Impuls VII: DRIVE

Drive is a 2011 neo noir – arthouse – action film by Nicolas Winding Refn and one of the best films I have ever seen. This Impulse contains spoilers for the film so if you haven’t watched I highly recommend to do so. 

Film Summary: The unnamed protagonist Driver is a stunt driver who works as a getaway driver at night. He meets his neighbor, Irene, and her son and they become close. But things take a dangerous turn when he gets involved in a heist that goes wrong. To protect Irene and her son from the criminals involved, he has to navigate through a world of violence and betrayal, putting his own life at risk to keep them safe

Driver: „You know the story about the scorpion and the frog? Your friend Nino didn’t make it across the river.” 

From Drivers point of view it becomes obvious that he thinks of himself of the Scorpion. This also implies that everything bad he has done previously is just his nature. Even though the action of killing someone comes rather easy to him the consequences that come out of it show that killing is not his nature and that the scorpion is probably not him himself but sitting on his back preparing to sting him.

Goslings character starts out as someone who is in total control of everything indicated by the perfect escape from the police in the opening scene of the film. However when Irene and her son enter his life he slowly learns that he is not in control of everything especially not his own emotions and feelings. 

As Gosling himself put it Driver is a character who has seen to many films and became a captive in his own head. And you got to give it to him. There is just something about Ryan Gosling playing the detached loner longing for meaning. I have never seen an actor portraying that feeling of loneliness and being a captive of  his own feelings as well as Ryan Gosling does it. Blade Runner 2049, some parts of La La Land or Drive are perfect of examples of this. 

In Drive there is grave difference from the in-control, emotionally disconnected person executing the perfect get-away to someone who is violently shaking while smashing in someone’s Hand and shoving a bullet down his throat. Driver can’t escape his life. The only scene where he briefly escapes it and pulls Irene aside to kiss her before violently smashing the hitmen’s head in is borderline reality. The way the camera and the lighting work in this scene it can be assumed that the kiss only plays out in Drivers head and the frustration about not being able to live with Irene leads to his overreaction of kicking the hitman even though he is long dead resulting in Irene realizing what he actually is. 

But does this really make him the scorpion. I would argue that the scorpion is on his back, also implied by his jacket he is wearing throughout the film. This could be in form of Bernie which would make a lot of sense. Since Driver let’s himself be stabbed by Bernie in the end before killing him.

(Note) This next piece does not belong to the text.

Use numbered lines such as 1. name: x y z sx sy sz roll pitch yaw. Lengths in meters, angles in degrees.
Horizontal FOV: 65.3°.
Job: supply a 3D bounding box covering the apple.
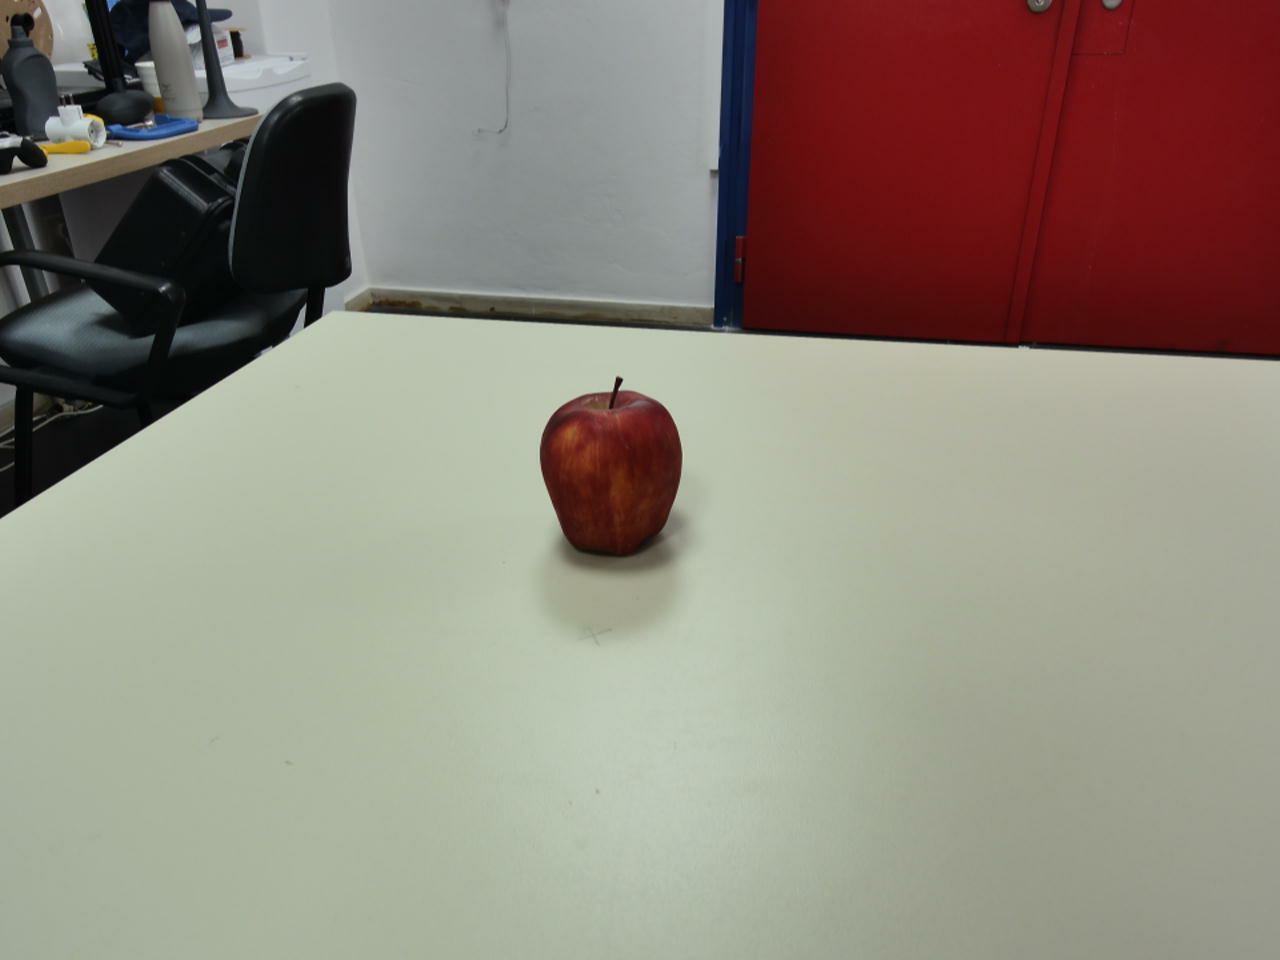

 I would however argue that Driver is his own Scorpion. He is never in control and so caught up in his own imagination of himself that he doesn’t realize that he barely ever takes a conscious decision before the point of already being involved with people whose hands are actually dirty compared to his hands which are only a little dirty. He only starts to take control to save Irenes life sacrificing their future of being together.